Scratching Lines

From “Advice to a Poet” by Susan Braley

There’s a mention of “blood” and a whole world comes pouring forth in the wake of “wine”. And the familiar becomes kindred. The old rose is only known by its leaves: rugosa.

It will be familiar:
you’ll know
the rugosa leaves, or
the blood-wine berries.

Beyond the bramble, lick your wounds.
Wait under the cedar sky. Hushed.

What you seek will greet you there:
fugitive, ancient, kindred.

Beyond blood-wine, any elaboration or allusion escapes me. And yet the proximity of “fugitive” to “kindred” reminds me of the novel by Octavia Butler. Which I now must reread for signs of roses or blackberries.

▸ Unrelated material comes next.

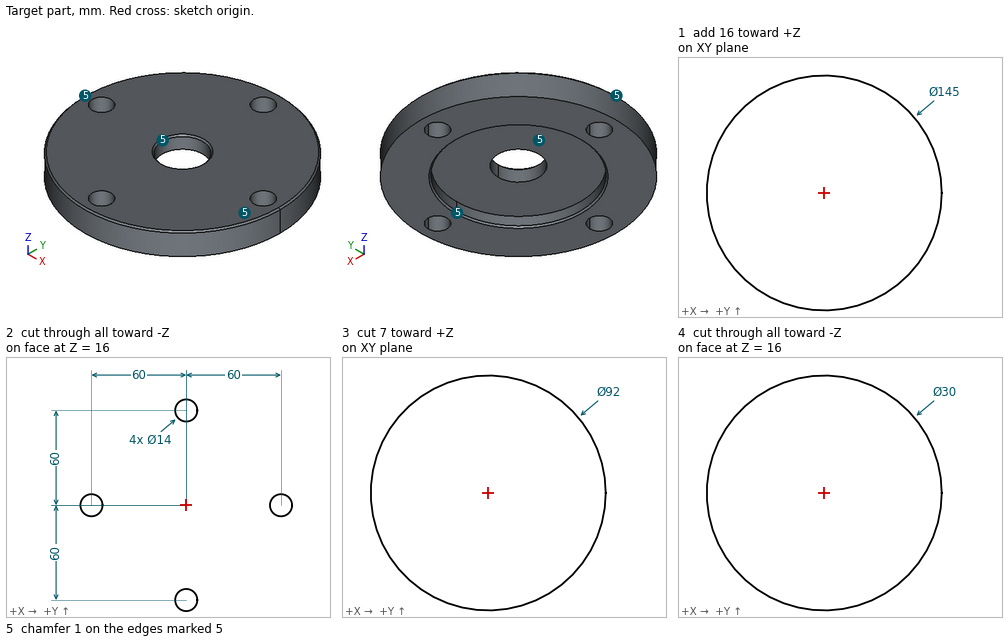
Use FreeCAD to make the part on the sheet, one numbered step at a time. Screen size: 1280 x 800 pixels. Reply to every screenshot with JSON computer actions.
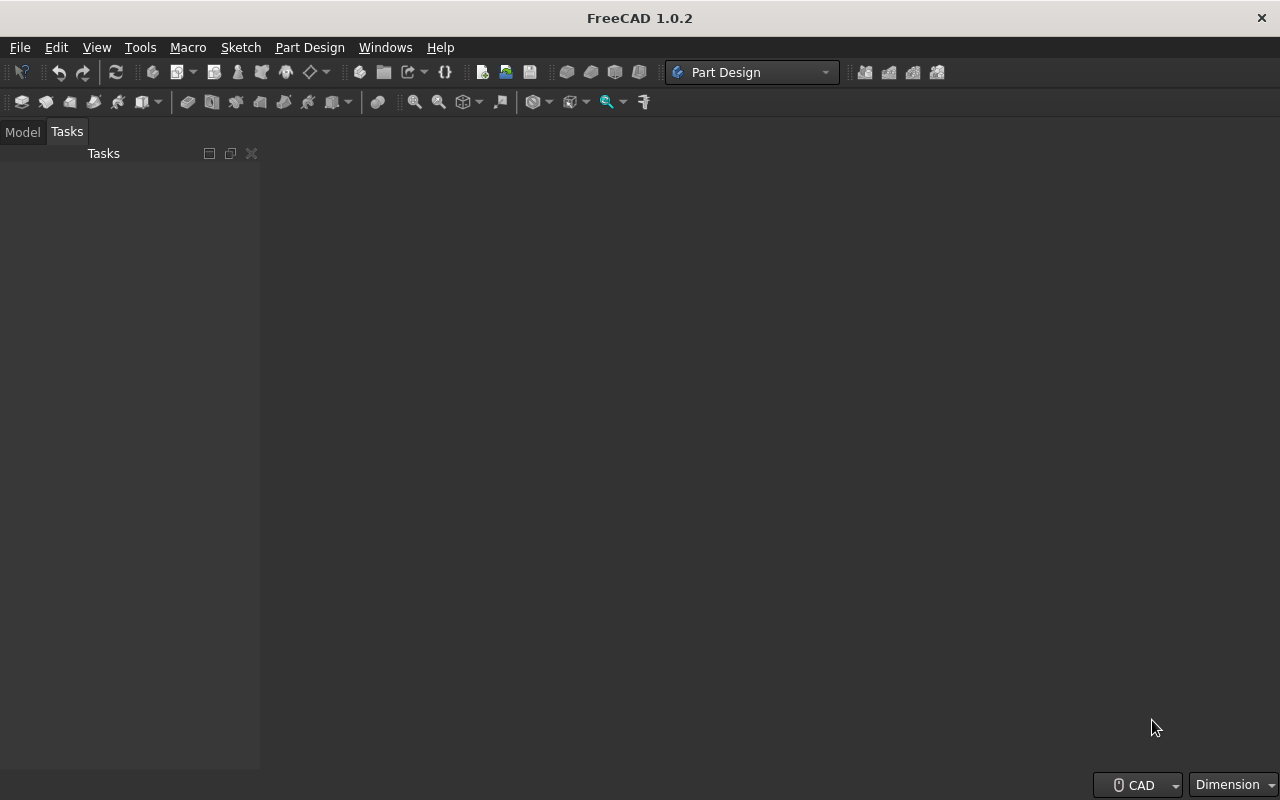
{"action": "key", "text": "ctrl+n"}

Freedom is a theme that Braley channels through a quotation in the side bar to the announcement of the publication of “Advice to a Poet” She brings to our attention: “A bird is a poem/that talks of the end of cages.” (Patrick Lane, “The Bird,” The Last Water Song)

I have searched the briar patch and found more berries. One brings the offers a berry-word simile; the other invokes wine and blood.

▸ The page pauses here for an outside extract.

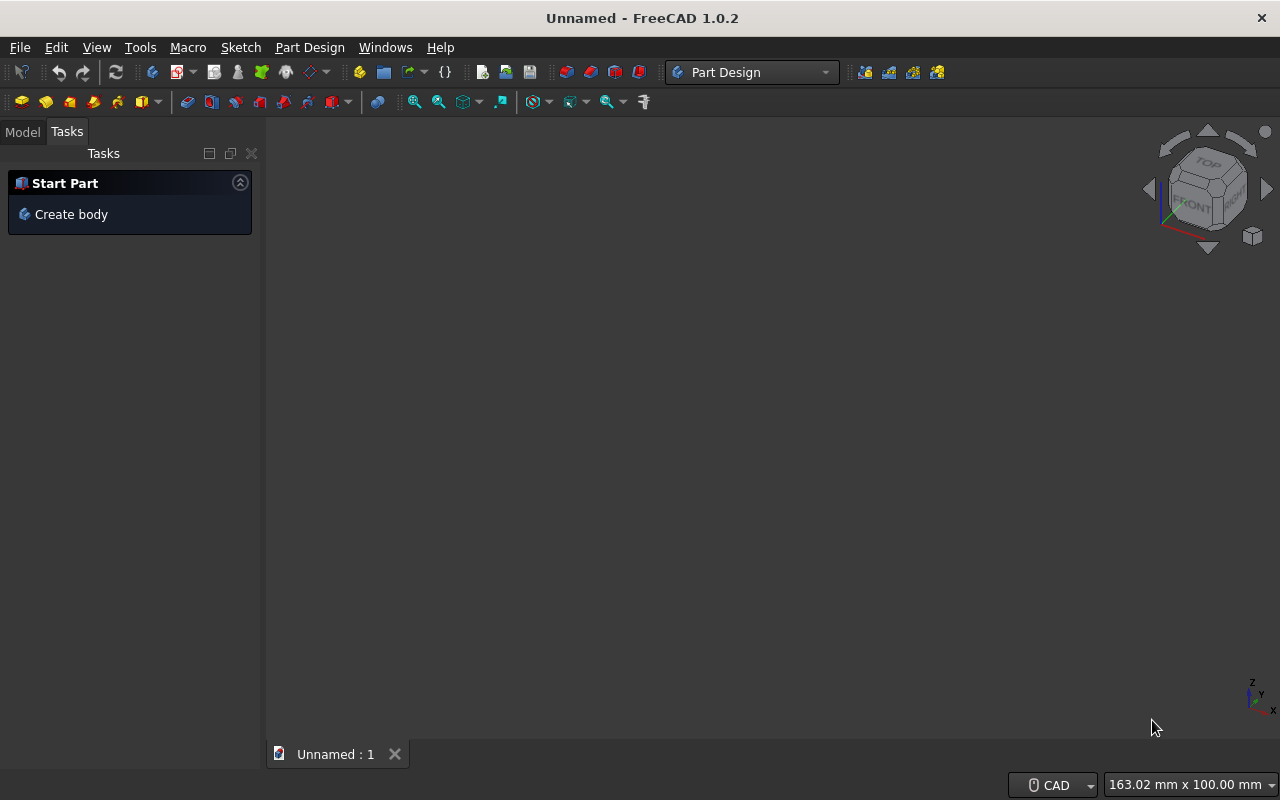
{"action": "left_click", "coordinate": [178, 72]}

Blackberry Eating by Galway Kinnell

the ripest berries
fall almost unbidden to my tongue,
as words sometimes do, certain peculiar words
like strengths or squinched,
many-lettered, one-syllabled lumps
which I squeeze, squinch open, and splurge well
in the silent, startled, icy, black language
of blackberry-eating in late September.

Blackberry-Picking by Seamus Heaney

You ate that first one and its flesh was sweet
Like thickened wine: summer’s blood was in it
Leaving stains upon the tongue and lust for
Picking.

Heaney’s poem goes on to reminds us that it is a seasonal joy. Fugitive indeed.